En 2017, Christie's annonce la mise en vente du Salvator Mundi, un tableau redécouvert et attribué par les experts à Léonard de Vinci. En novembre de la même année, la toile est cédée à un mystérieux acheteur pour la somme vertigineuse de 450 millions de dollars, et devient ainsi l’œuvre la plus chère du monde.

Mandatory Credit: Photo by Geoff Pugh/REX/Shutterstock (9175649k) Leonardo da Vinci's Salvator Mundi on show at Christies' Kings Street, before it is offered at auction by Christie's New York Christie's Auction House sales Leonardo da Vinci's Salvator Mundi, London, United Kingdom - 24 Oct 2017/Rex_Christies_Auction_House_sales_Leonardo_da_9175649K/1710311259

Après une courte période d'incertitude, l'identité de l'acheteur est enfin révélée : il s'agit de Mohammed Bin Salman, l’héritier au trône d'Arabie Saoudite. Et si le Louvre de Paris possède déjà le de Vinci le plus célèbre au monde (La Joconde), l’heureux propriétaire du Salvator Mundi annonce que sa récente expansion à Abou Dhabi exposera le nouveau chef-d’œuvre à partir du 18 septembre 2018. La présence du tableau aux Émirats arabes unis vise à augmenter le tourisme dans la région, et à long-terme, l’achat des billets d’entrée au musée pourrait rembourser le prix du tableau.

Cependant, moins de deux semaines avant la grande ouverture du nouvel espace muséal, le ministère de la Culture et du Tourisme d'Abou Dhabi a annoncé sur Twitter que l’exposition du chef-d'œuvre serait reportée à une date ultérieure.
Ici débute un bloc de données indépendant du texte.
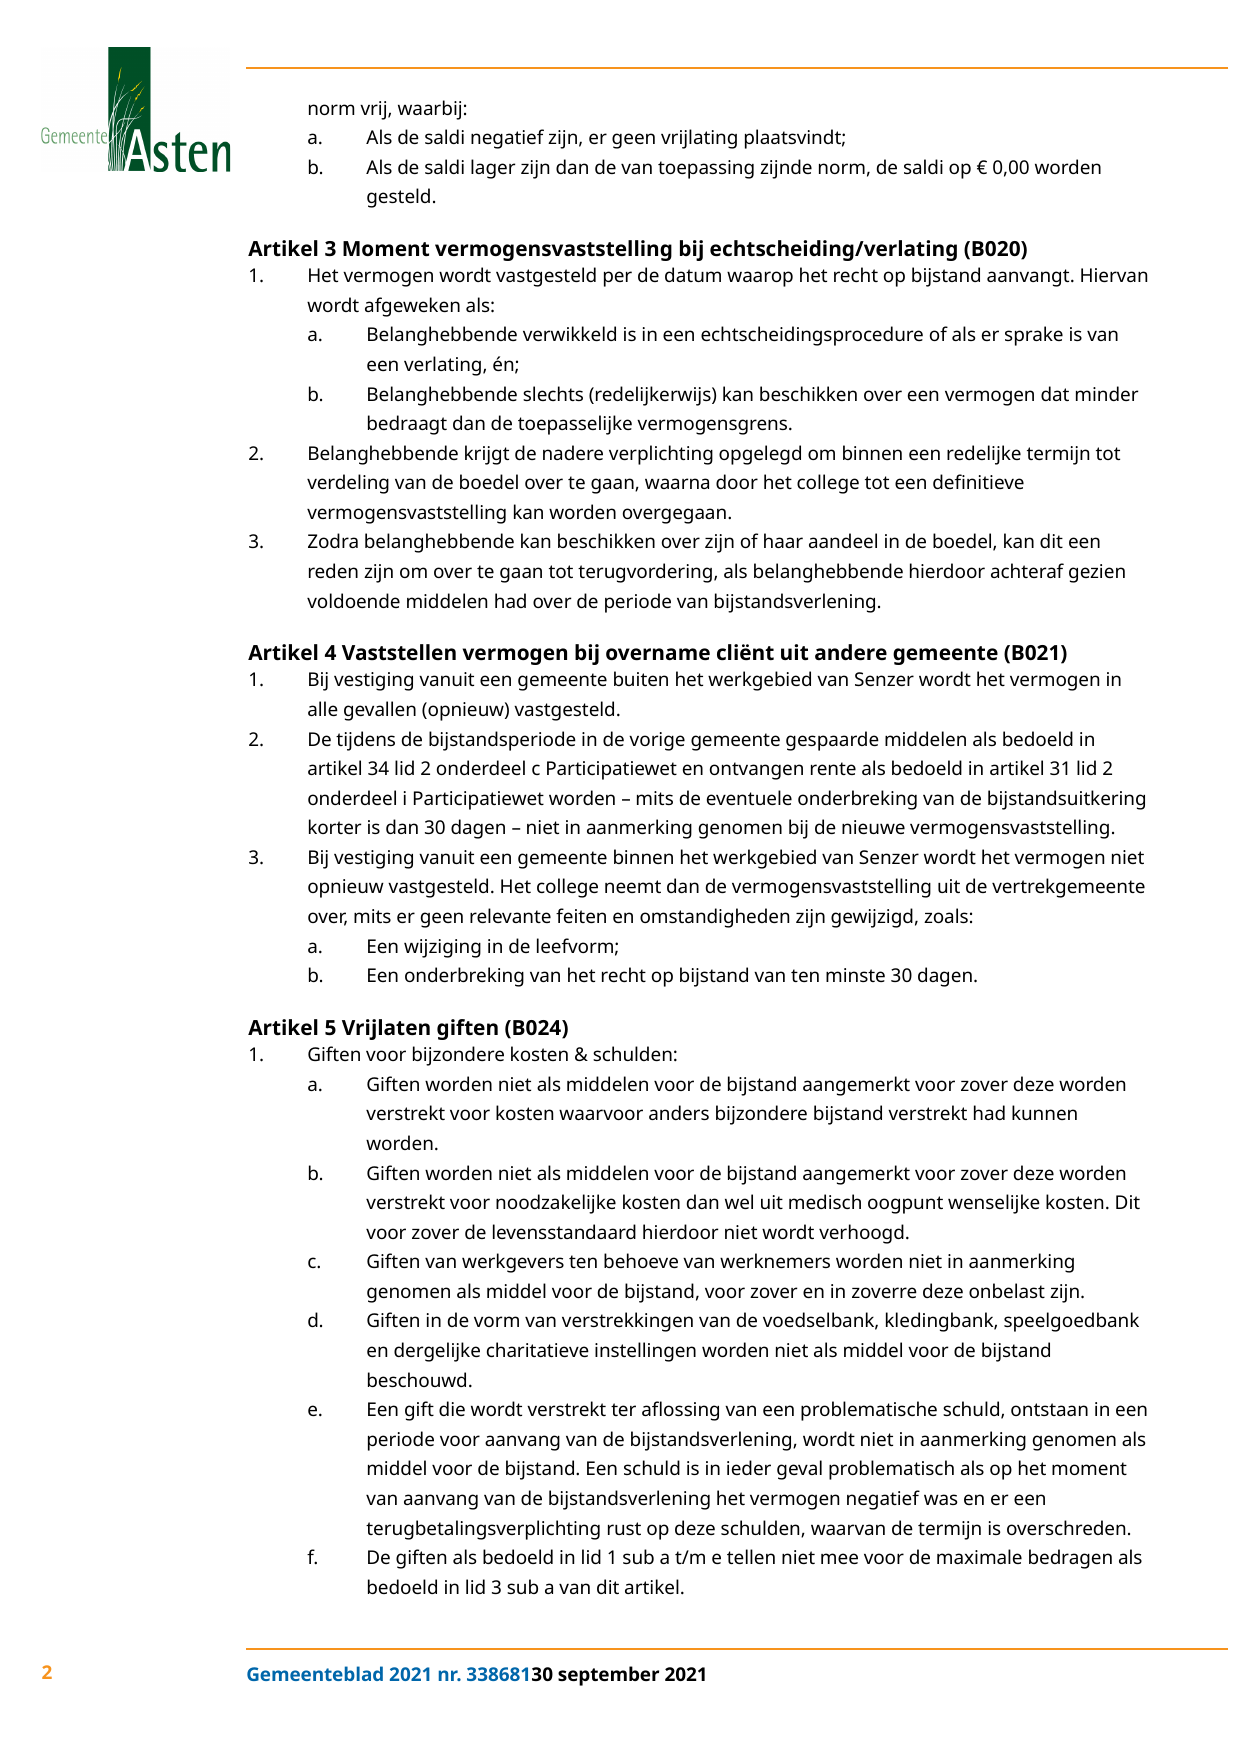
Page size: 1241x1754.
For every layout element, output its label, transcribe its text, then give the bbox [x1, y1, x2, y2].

list De giften als bedoeld in lid 1 sub a t/m e tellen niet mee voor de maximale bedragen als bedoeld in lid 3 sub a van dit artikel. [307, 1544, 1152, 1599]
list Belanghebbende krijgt de nadere verplichting opgelegd om binnen een redelijke termijn tot verdeling van de boedel over te gaan, waarna door het college tot een definitieve vermogensvaststelling kan worden overgegaan. [248, 440, 1152, 525]
list Giften worden niet als middelen voor de bijstand aangemerkt voor zover deze worden verstrekt voor noodzakelijke kosten dan wel uit medisch oogpunt wenselijke kosten. Dit voor zover de levensstandaard hierdoor niet wordt verhoogd. [307, 1160, 1152, 1244]
list Als de saldi negatief zijn, er geen vrijlating plaatsvindt; [307, 124, 1152, 150]
picture [41, 47, 231, 172]
list Het vermogen wordt vastgesteld per de datum waarop het recht op bijstand aanvangt. Hiervan wordt afgeweken als: [248, 262, 1152, 318]
text Artikel 4 Vaststellen vermogen bij overname cliënt uit andere gemeente (B021) [248, 638, 1152, 667]
list Een onderbreking van het recht op bijstand van ten minste 30 dagen. [307, 962, 1152, 988]
list Als de saldi lager zijn dan de van toepassing zijnde norm, de saldi op € 0,00 worden gesteld. [307, 154, 1152, 209]
text Artikel 5 Vrijlaten giften (B024) [248, 1013, 1152, 1041]
list Een wijziging in de leefvorm; [307, 933, 1152, 959]
list Belanghebbende verwikkeld is in een echtscheidingsprocedure of als er sprake is van een verlating, én; [307, 322, 1152, 377]
list Giften voor bijzondere kosten & schulden: [248, 1041, 1152, 1067]
list Een gift die wordt verstrekt ter aflossing van een problematische schuld, ontstaan in een periode voor aanvang van de bijstandsverlening, wordt niet in aanmerking genomen als middel voor de bijstand. Een schuld is in ieder geval problematisch als op het moment van aanvang van de bijstandsverlening het vermogen negatief was en er een terugbetalingsverplichting rust op deze schulden, waarvan de termijn is overschreden. [307, 1396, 1152, 1540]
list norm vrij, waarbij: [248, 95, 1152, 121]
list Giften in de vorm van verstrekkingen van de voedselbank, kledingbank, speelgoedbank en dergelijke charitatieve instellingen worden niet als middel voor de bijstand beschouwd. [307, 1308, 1152, 1392]
list Giften worden niet als middelen voor de bijstand aangemerkt voor zover deze worden verstrekt voor kosten waarvoor anders bijzondere bijstand verstrekt had kunnen worden. [307, 1071, 1152, 1156]
list Zodra belanghebbende kan beschikken over zijn of haar aandeel in de boedel, kan dit een reden zijn om over te gaan tot terugvordering, als belanghebbende hierdoor achteraf gezien voldoende middelen had over de periode van bijstandsverlening. [248, 529, 1152, 613]
text Artikel 3 Moment vermogensvaststelling bij echtscheiding/verlating (B020) [248, 234, 1152, 262]
list Bij vestiging vanuit een gemeente binnen het werkgebied van Senzer wordt het vermogen niet opnieuw vastgesteld. Het college neemt dan de vermogensvaststelling uit de vertrekgemeente over, mits er geen relevante feiten en omstandigheden zijn gewijzigd, zoals: [248, 844, 1152, 929]
list Giften van werkgevers ten behoeve van werknemers worden niet in aanmerking genomen als middel voor de bijstand, voor zover en in zoverre deze onbelast zijn. [307, 1248, 1152, 1304]
list Bij vestiging vanuit een gemeente buiten het werkgebied van Senzer wordt het vermogen in alle gevallen (opnieuw) vastgesteld. [248, 667, 1152, 722]
list Belanghebbende slechts (redelijkerwijs) kan beschikken over een vermogen dat minder bedraagt dan de toepasselijke vermogensgrens. [307, 381, 1152, 436]
list De tijdens de bijstandsperiode in de vorige gemeente gespaarde middelen als bedoeld in artikel 34 lid 2 onderdeel c Participatiewet en ontvangen rente als bedoeld in artikel 31 lid 2 onderdeel i Participatiewet worden – mits de eventuele onderbreking van de bijstandsuitkering korter is dan 30 dagen – niet in aanmerking genomen bij de nieuwe vermogensvaststelling. [248, 726, 1152, 840]

Aucun porte-parole n’a pris la peine d’expliquer les raisons de ce retard et depuis lors, le public et le marché de l’art restent sans nouvelles du tableau.

Au cours des derniers mois, plusieurs experts ont exprimé leurs doutes sur l’authenticité du tableau, tandis que d’autres ont carrément affirmé qu’il était impossible (et même ridicule) de penser que de Vinci en soit l’auteur. D’autres encore stipulent que l’œuvre provient de son atelier, qu’elle aurait été peinte par l’un de ses étudiants, et que le maître n’y aurait apposé que quelques coups de pinceau. Voici donc une première piste sur le mystérieux retard : suite à ces spéculations, il se pourrait que le Louvre d'Abou Dhabi enquête davantage sur la véritable provenance de l'œuvre avant de l'exposer au public.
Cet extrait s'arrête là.